New Opinion from the U.S. District Court for the Western District of Virginia interprets Virginia's Nonsuit Statute in the qui tam context

A new opinion by Chief Judge Jones in the U.S. District Court for the Western District of Virginia interprets Virginia's nonsuit statute as tolling the statute of limitations on a retaliation claim under 31 U.S.C. 3730(h). To my knowledge, this is the first time a federal court has interpreted Virginia's unique nonsuit statute in the context of a 3730(h) claim. The case is United States ex rel Herndon v. Appalachian Regional Community Head Start, Inc., Civil Case No. 2:07cv0003 (W.D. Va.).

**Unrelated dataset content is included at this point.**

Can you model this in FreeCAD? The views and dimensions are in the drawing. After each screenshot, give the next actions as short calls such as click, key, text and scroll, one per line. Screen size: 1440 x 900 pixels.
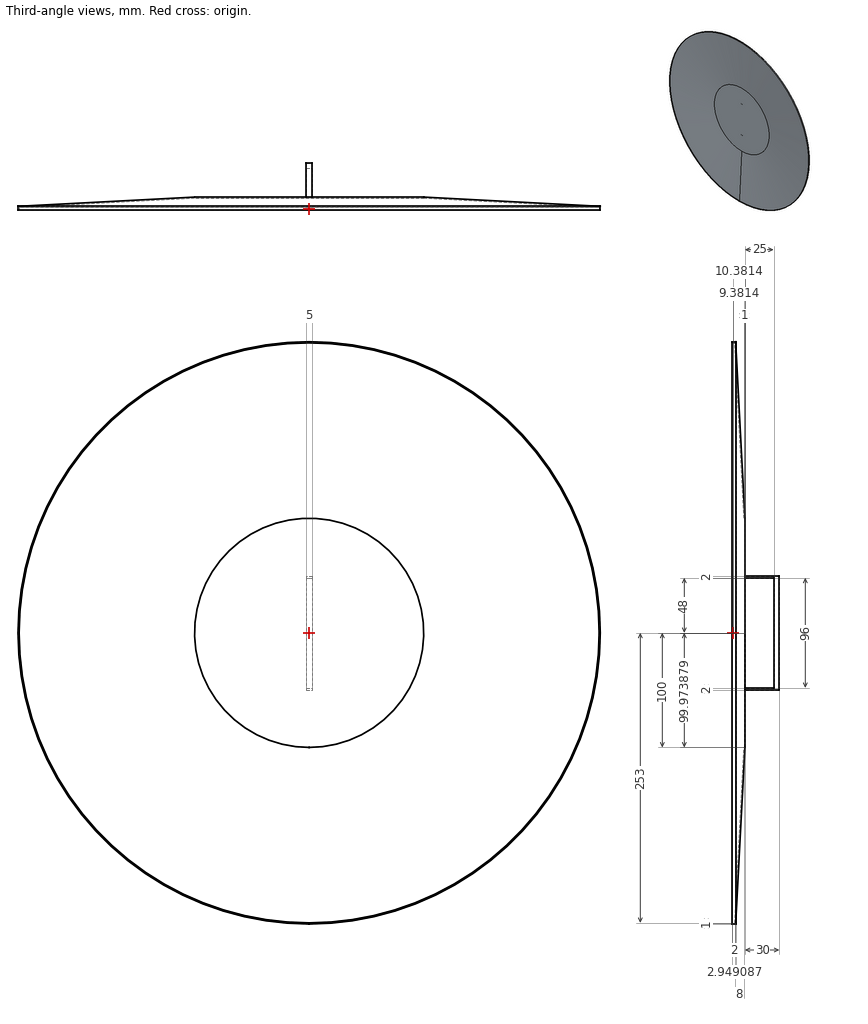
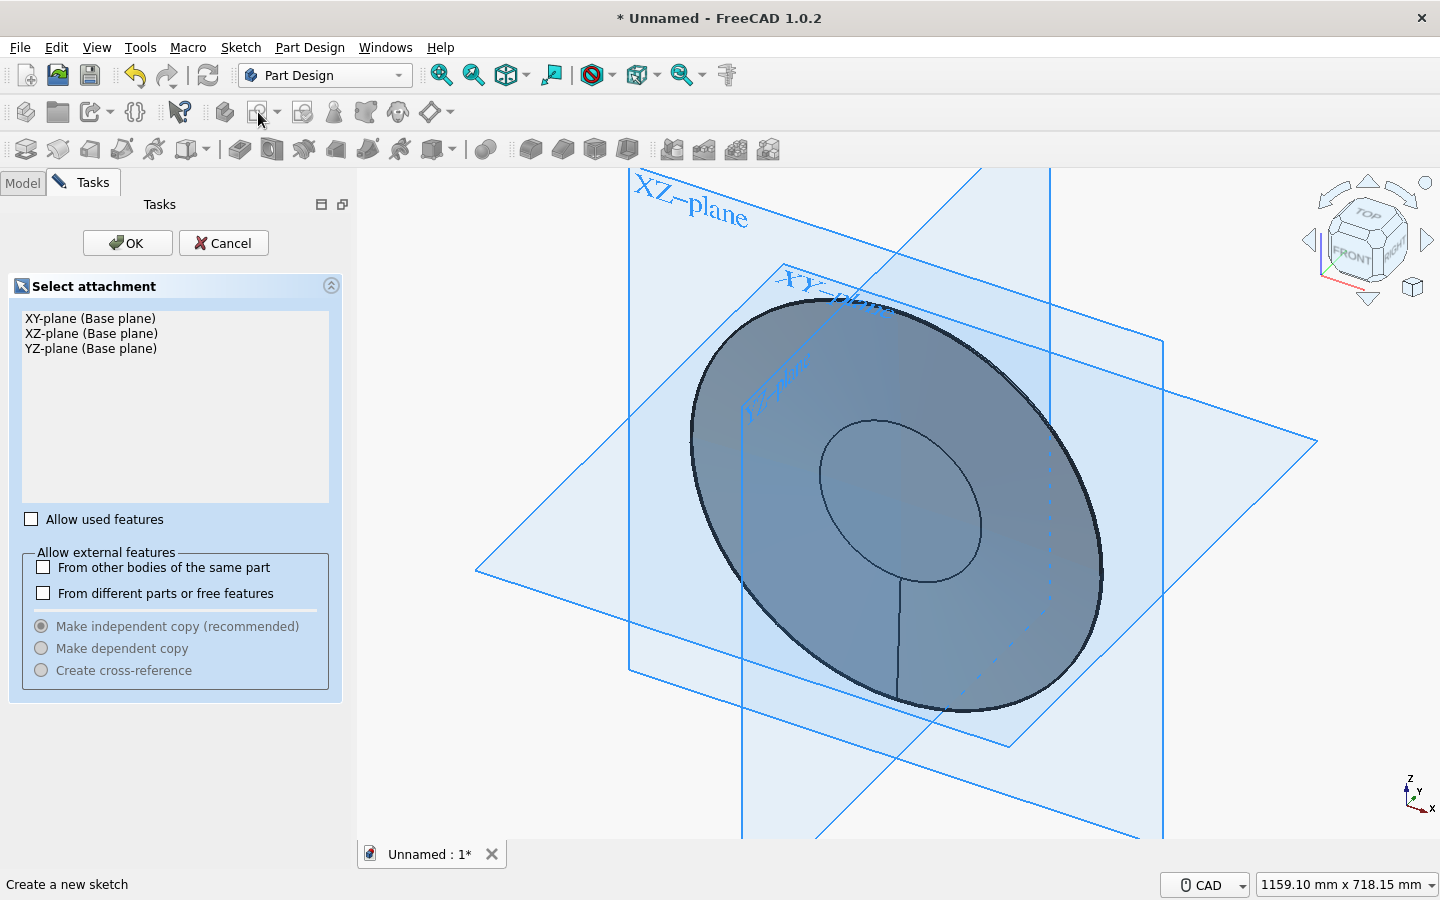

Virginia's nonsuit statute, which is found at Virginia Code 8.01-380, allows a civil plaintiff to voluntarily "nonsuit" his action one time, at any time prior to the case's submission to a jury, or to the court if the matter is being decided by a bench trial.
Simply stated, the nonsuit constitutes a dismissal without prejudice, and the plaintiff then has the longer of six months from the date the nonsuit order was entered, or until the actual statute of limitations period runs, to refile his or her suit.
Virginia Supreme Court opinions have made it clear that this is an absolute right, and that no condition can be placed upon a plaintiff's right to one nonsuit. As one might imagine, the nonsuit can be a powerful tactical tool if used by a plaintiff to its full potential.
Congratulations to Abingdon lawyer and TAF Member Mark T. Hurt for this victory.